→ **Your objective**
Would you retype exactly the lines below, from the one containing "text De ingekomen" through the end of the entries, both ends included, but not the pictures?

→ **Records shown**
○ ○ ○

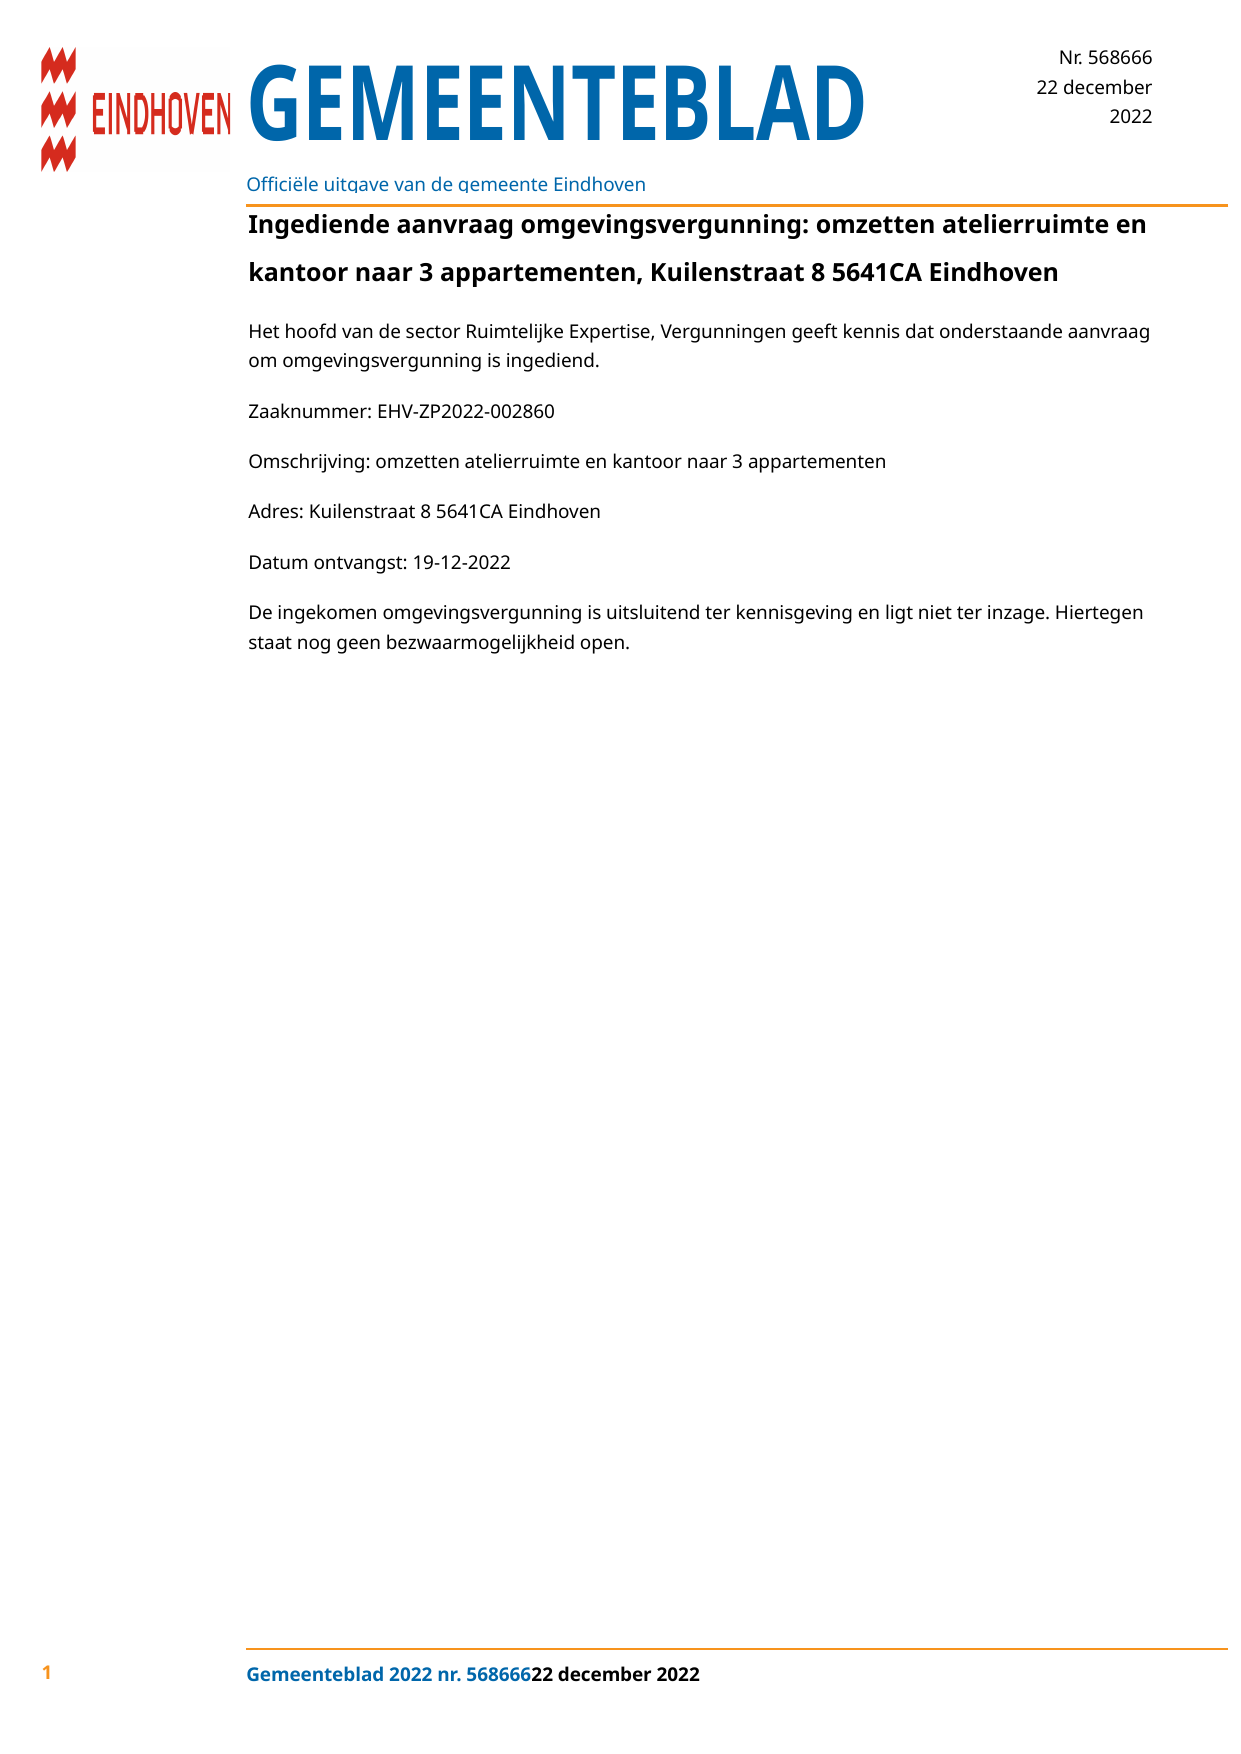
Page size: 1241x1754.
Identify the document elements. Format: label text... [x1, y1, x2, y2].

text Zaaknummer: EHV-ZP2022-002860 [248, 398, 1152, 424]
text Het hoofd van de sector Ruimtelijke Expertise, Vergunningen geeft kennis dat onderstaande aanvraag om omgevingsvergunning is ingediend. [248, 318, 1152, 373]
picture [41, 47, 231, 172]
text Omschrijving: omzetten atelierruimte en kantoor naar 3 appartementen [248, 448, 1152, 474]
text Datum ontvangst: 19-12-2022 [248, 549, 1152, 575]
text Adres: Kuilenstraat 8 5641CA Eindhoven [248, 499, 1152, 524]
text De ingekomen omgevingsvergunning is uitsluitend ter kennisgeving en ligt niet ter inzage. Hiertegen staat nog geen bezwaarmogelijkheid open. [248, 599, 1152, 655]
text Ingediende aanvraag omgevingsvergunning: omzetten atelierruimte en kantoor naar 3 appartementen, Kuilenstraat 8 5641CA Eindhoven [248, 207, 1152, 288]
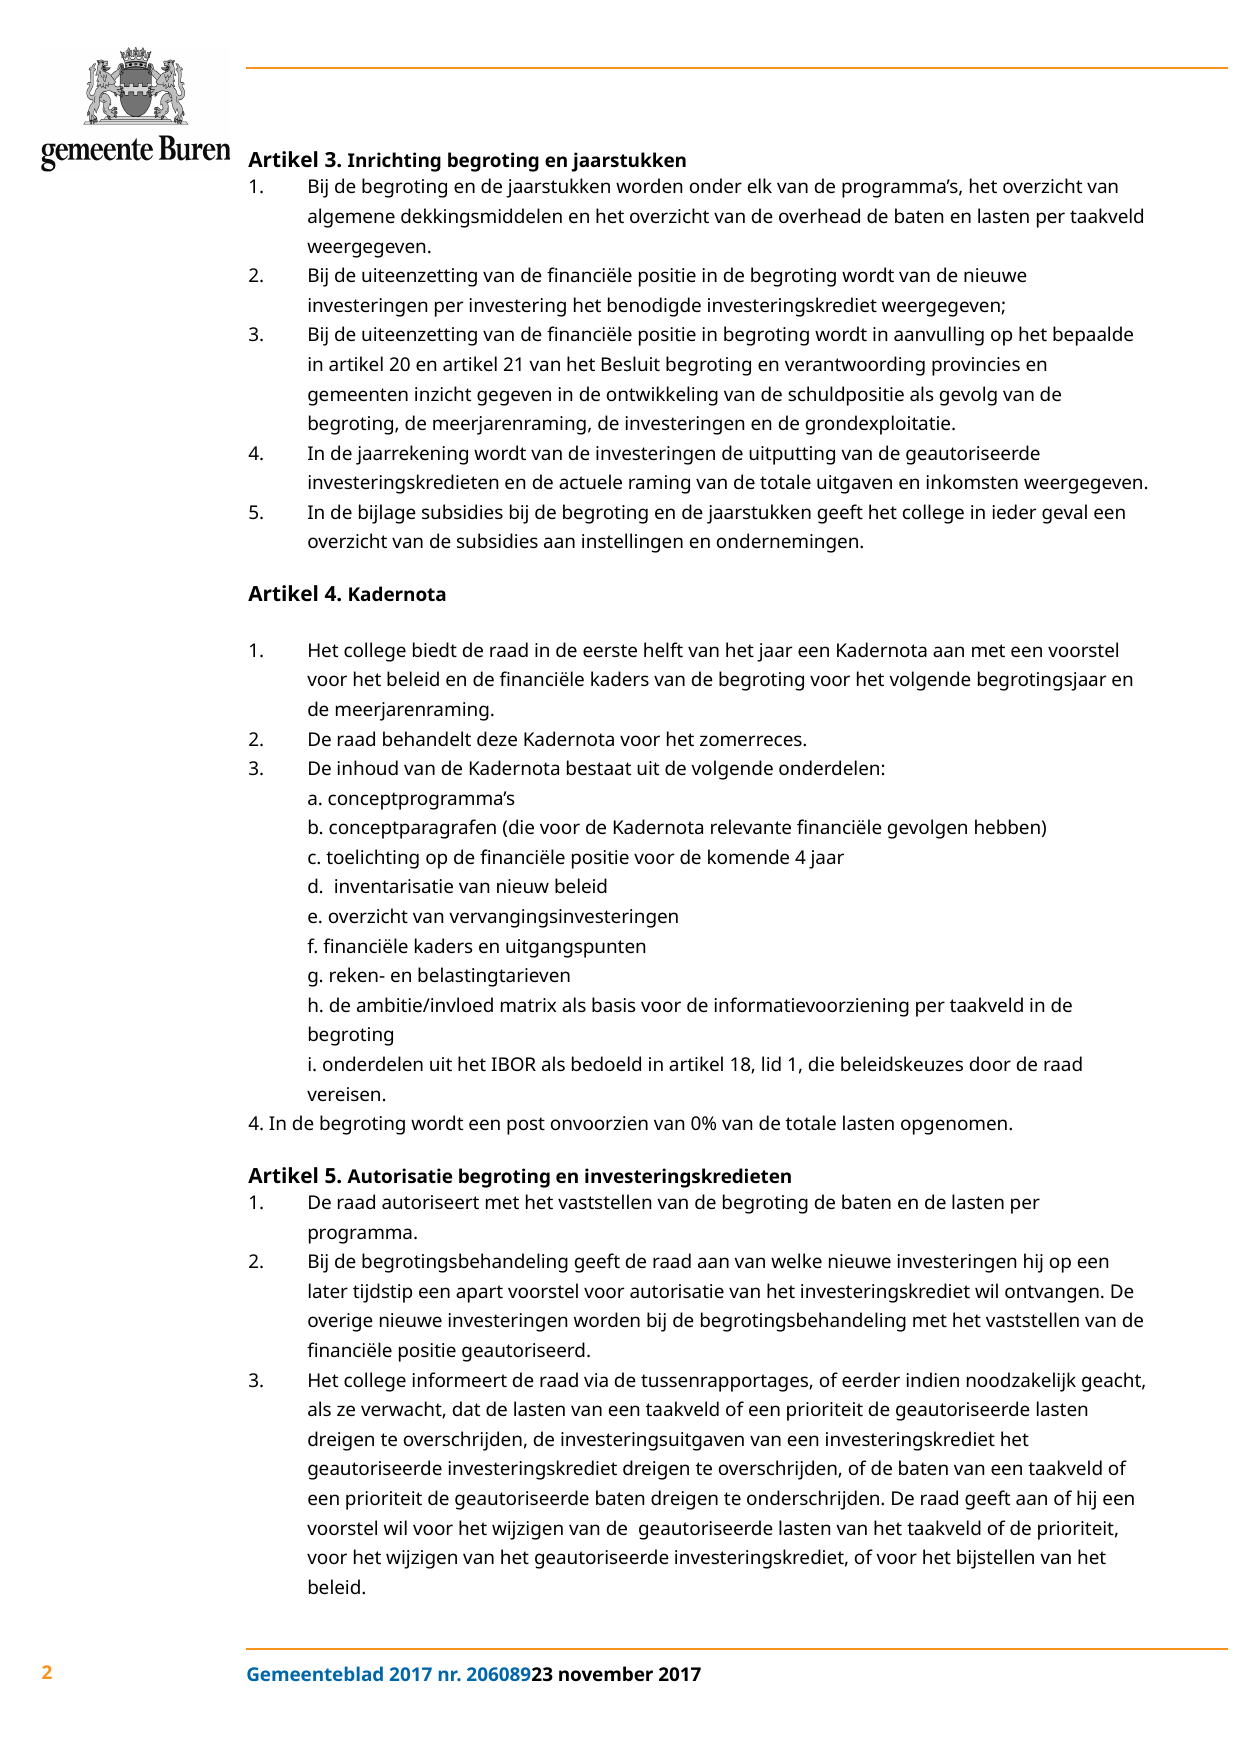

○ ○ ○

→ **Exercise solution**
text De ingekomen omgevingsvergunning is uitsluitend ter kennisgeving en ligt niet ter inzage. Hiertegen staat nog geen bezwaarmogelijkheid open. [248, 599, 1152, 655]
text Ingediende aanvraag omgevingsvergunning: omzetten atelierruimte en kantoor naar 3 appartementen, Kuilenstraat 8 5641CA Eindhoven [248, 207, 1152, 288]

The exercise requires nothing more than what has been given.